Part 4 - Clustering by Color
We can also turnthe numbers into colors. For instance, here is a color display that correspondsto the first 3 dimensions of the Titles matrix that we showed above. Itcontains exactly the same information, except that blue shows negative numbers,red shows positive numbers, and numbers close to 0 are white. For example,Title 9, which is strongly positive in all 3 dimensions, is also strongly redin all 3 dimensions.
We can use thesecolors to cluster the titles. We ignore the first dimension for clusteringbecause all titles are red. In the second dimension, we have the followingresult.
Dim2 |
Titles |
red |
6-7, 9 |
blue |
1-5, 8 |
Using the thirddimension, we can split each of these groups again the same way. For example,looking at the third dimension, title 6 is blue, but title 7 and title 9 arestill red. Doing this for both groups, we end up with these 4 groups.
Dim2 |
Dim3 |
Titles |
red |
red |
7, 9 |
red |
blue |
6 |
blue |
red |
2, 4-5, 8 |
blue |
blue |
1, 3 |
It’s interestingto compare this table with what we get when we graph the results in the nextsection.
Part 5 - Clustering by Value
Leaving out thefirst dimension, as we discussed, let's graph the second and third dimensionsusing a XY graph. We'll put the second dimension on the X axis and the thirddimension on the Y axis and graph each word and title. It's interesting tocompare the XY graph with the table we just created that clusters thedocuments.
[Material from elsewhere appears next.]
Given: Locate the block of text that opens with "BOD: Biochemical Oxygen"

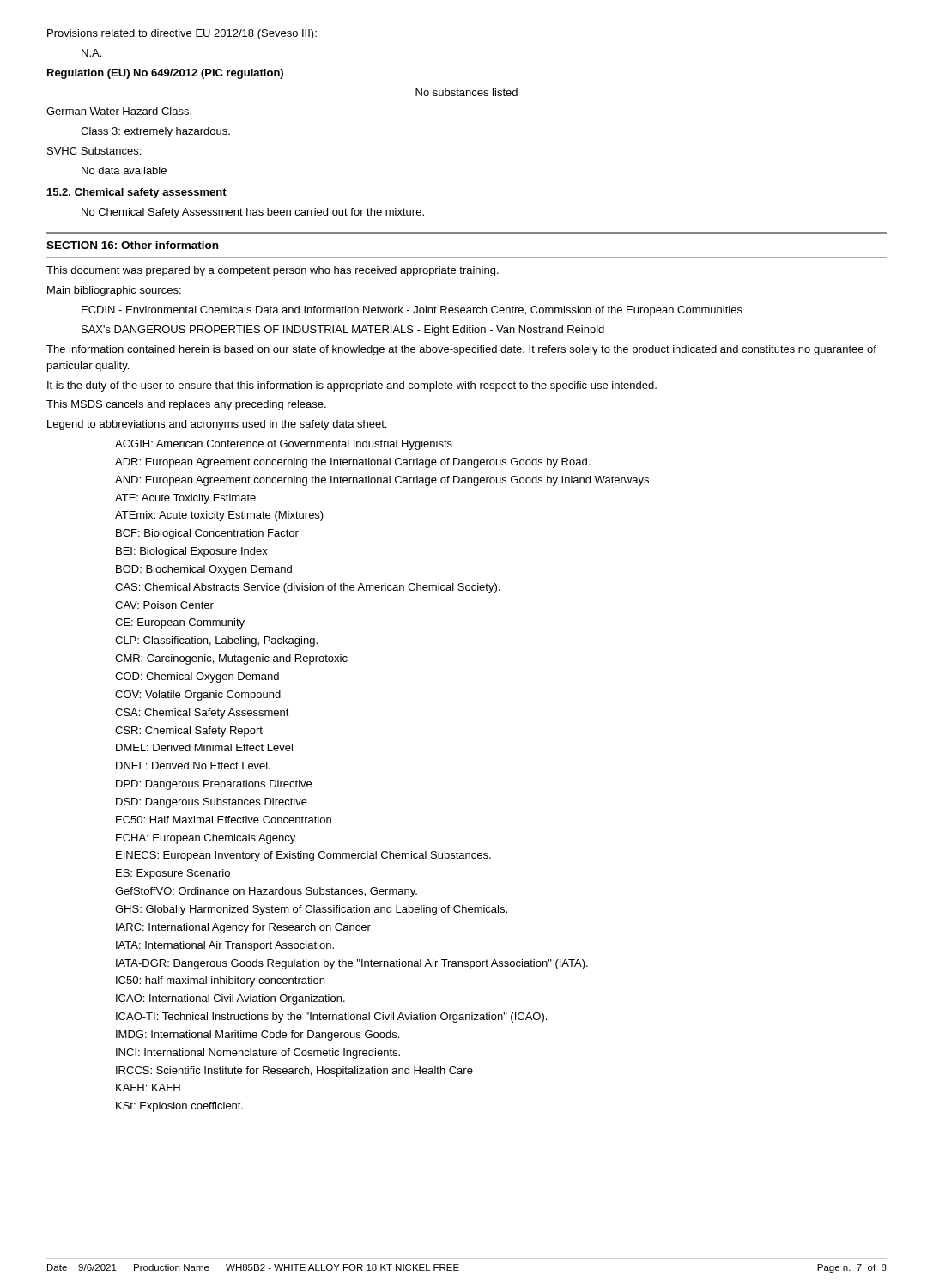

In the graphbelow, words are represented by red squares and titles are represented by bluecircles. For example the word "book" has dimension values (0.15,-0.27, 0.04). We ignore the first dimension value 0.15 and graph"book" to position (x = -0.27, y = 0.04) as can be seen in the graph.Titles are similarly graphed.
在下图中,词表示为红色方形,标题表示为蓝色圆圈。例如,词“book”有坐标值(0.15, -0.27,0.04)。这里我们忽略第一维度0.15 把点画在(x = -0.27, y =0.04)。标题也是一样。
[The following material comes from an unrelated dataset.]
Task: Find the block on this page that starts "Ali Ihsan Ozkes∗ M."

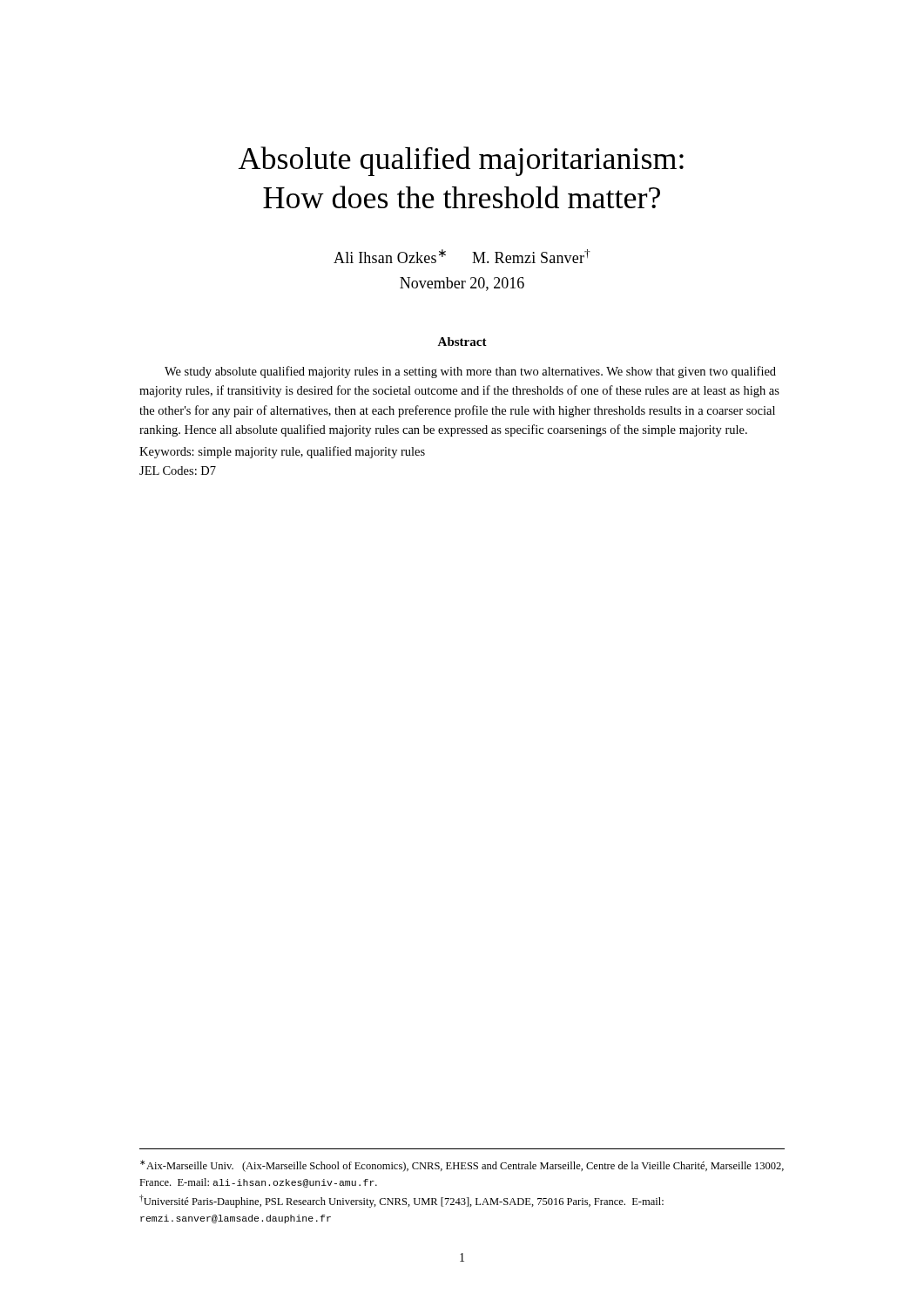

One advantage ofthis technique is that both words and titles are placed on the same graph. Notonly can we identify clusters of titles, but we can also label the clusters bylooking at what words are also in the cluster. For example, the lower leftcluster has titles 1 and 3 which are both about stock market investing. Thewords "stock" and "market" are conveniently located in thecluster, making it easy to see what the cluster is about. Another example isthe middle cluster which has titles 2, 4, 5, and, to a somewhat lesser extent,title 8. Titles 2, 4, and 5 are close to the words "value" and"investing" which summarizes those titles quite well.
这个技术的一个有点是词和标题都在一张图上。不仅我们可以区分标题的聚类,而且我们可以把聚类中的词给这个聚类打上标签。例如左下的聚类中有标题1和标题3都是关于股票市场投资(stock market investing)的。Stock和market可以方便的定位在这个聚类中,让描述这个聚类变得容易。其它也类似。